# Your objective:
Report every line below that holds the word "shoe".

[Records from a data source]
----------------

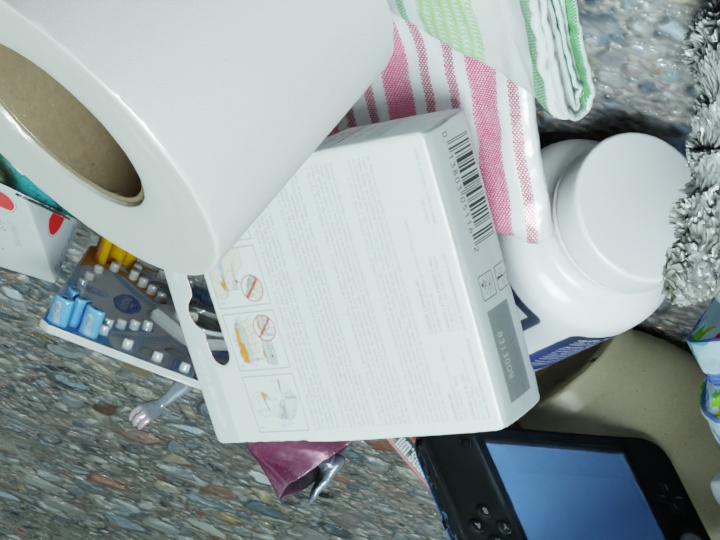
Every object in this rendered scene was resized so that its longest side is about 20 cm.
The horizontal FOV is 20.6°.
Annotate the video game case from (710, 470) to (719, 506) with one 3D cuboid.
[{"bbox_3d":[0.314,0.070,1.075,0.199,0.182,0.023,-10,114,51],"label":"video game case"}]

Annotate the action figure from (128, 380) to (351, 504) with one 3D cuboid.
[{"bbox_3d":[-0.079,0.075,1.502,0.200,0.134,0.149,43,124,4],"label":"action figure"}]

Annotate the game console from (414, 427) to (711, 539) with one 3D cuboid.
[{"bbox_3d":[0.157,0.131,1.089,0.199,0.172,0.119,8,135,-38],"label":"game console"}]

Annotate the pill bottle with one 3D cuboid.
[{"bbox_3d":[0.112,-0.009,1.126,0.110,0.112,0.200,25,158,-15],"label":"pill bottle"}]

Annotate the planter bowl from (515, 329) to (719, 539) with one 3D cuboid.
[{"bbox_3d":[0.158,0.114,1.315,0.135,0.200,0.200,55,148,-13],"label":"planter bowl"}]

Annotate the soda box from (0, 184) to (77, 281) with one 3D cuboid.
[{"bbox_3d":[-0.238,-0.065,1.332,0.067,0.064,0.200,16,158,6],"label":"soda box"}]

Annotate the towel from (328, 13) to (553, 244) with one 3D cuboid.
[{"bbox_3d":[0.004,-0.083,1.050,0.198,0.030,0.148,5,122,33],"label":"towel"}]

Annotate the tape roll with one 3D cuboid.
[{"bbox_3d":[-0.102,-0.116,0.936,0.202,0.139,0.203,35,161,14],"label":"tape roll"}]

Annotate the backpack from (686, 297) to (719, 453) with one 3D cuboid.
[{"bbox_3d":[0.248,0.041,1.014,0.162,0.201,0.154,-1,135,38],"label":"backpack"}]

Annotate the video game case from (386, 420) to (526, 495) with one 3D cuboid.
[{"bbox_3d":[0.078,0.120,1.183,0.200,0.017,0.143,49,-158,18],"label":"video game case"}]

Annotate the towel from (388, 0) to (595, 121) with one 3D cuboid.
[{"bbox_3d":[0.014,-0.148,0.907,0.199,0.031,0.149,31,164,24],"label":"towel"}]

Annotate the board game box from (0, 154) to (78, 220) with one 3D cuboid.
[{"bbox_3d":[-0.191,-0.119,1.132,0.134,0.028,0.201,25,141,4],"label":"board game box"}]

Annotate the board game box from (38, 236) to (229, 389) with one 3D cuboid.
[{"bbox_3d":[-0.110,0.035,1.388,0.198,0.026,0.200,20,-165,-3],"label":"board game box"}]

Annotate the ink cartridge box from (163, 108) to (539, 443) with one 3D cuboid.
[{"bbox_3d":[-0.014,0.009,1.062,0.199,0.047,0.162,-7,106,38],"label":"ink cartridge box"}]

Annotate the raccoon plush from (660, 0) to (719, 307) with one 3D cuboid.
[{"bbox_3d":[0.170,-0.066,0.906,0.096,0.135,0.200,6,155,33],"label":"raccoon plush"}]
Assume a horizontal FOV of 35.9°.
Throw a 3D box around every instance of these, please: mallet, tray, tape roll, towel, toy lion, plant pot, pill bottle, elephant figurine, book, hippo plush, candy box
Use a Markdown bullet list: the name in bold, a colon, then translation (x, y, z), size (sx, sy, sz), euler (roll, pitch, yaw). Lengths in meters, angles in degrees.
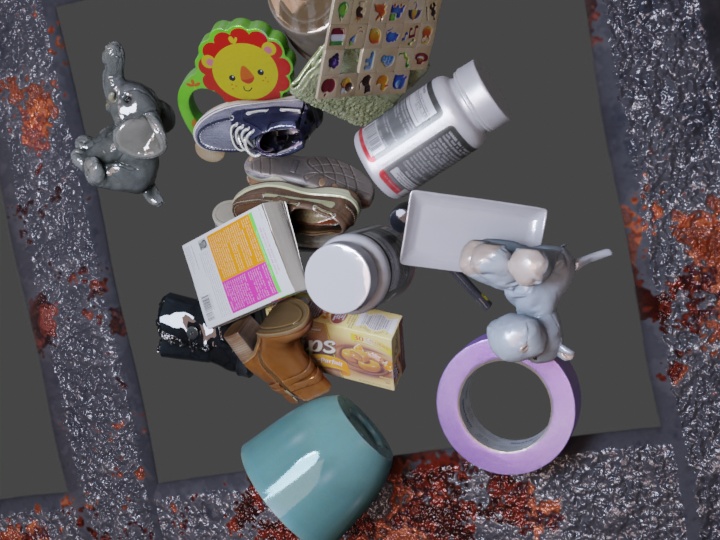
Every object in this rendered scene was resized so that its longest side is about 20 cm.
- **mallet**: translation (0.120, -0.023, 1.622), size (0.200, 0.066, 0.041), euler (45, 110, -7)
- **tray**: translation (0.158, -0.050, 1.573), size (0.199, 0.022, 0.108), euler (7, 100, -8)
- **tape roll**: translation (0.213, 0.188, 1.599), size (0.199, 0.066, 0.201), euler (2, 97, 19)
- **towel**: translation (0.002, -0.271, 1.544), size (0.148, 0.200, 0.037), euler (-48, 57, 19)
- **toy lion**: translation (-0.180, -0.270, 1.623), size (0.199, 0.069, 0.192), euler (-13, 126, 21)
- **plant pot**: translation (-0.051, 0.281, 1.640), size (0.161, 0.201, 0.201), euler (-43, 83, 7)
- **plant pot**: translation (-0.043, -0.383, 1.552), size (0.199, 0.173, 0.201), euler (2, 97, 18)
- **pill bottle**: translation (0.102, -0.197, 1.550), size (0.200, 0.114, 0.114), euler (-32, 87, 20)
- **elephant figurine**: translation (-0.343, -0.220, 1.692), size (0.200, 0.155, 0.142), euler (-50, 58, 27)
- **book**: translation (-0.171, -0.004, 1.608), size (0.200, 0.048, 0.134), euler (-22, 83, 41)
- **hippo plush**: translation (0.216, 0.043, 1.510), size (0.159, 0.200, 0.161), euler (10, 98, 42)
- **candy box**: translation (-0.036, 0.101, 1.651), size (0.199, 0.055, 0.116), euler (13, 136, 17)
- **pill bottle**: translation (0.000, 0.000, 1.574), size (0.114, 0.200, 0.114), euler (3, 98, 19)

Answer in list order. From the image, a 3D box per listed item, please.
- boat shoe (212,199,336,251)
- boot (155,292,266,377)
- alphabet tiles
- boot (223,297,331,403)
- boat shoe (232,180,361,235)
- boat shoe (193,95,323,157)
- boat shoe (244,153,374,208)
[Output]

----------------

# Exercise response:
- boat shoe (212,199,336,251)
- boat shoe (232,180,361,235)
- boat shoe (193,95,323,157)
- boat shoe (244,153,374,208)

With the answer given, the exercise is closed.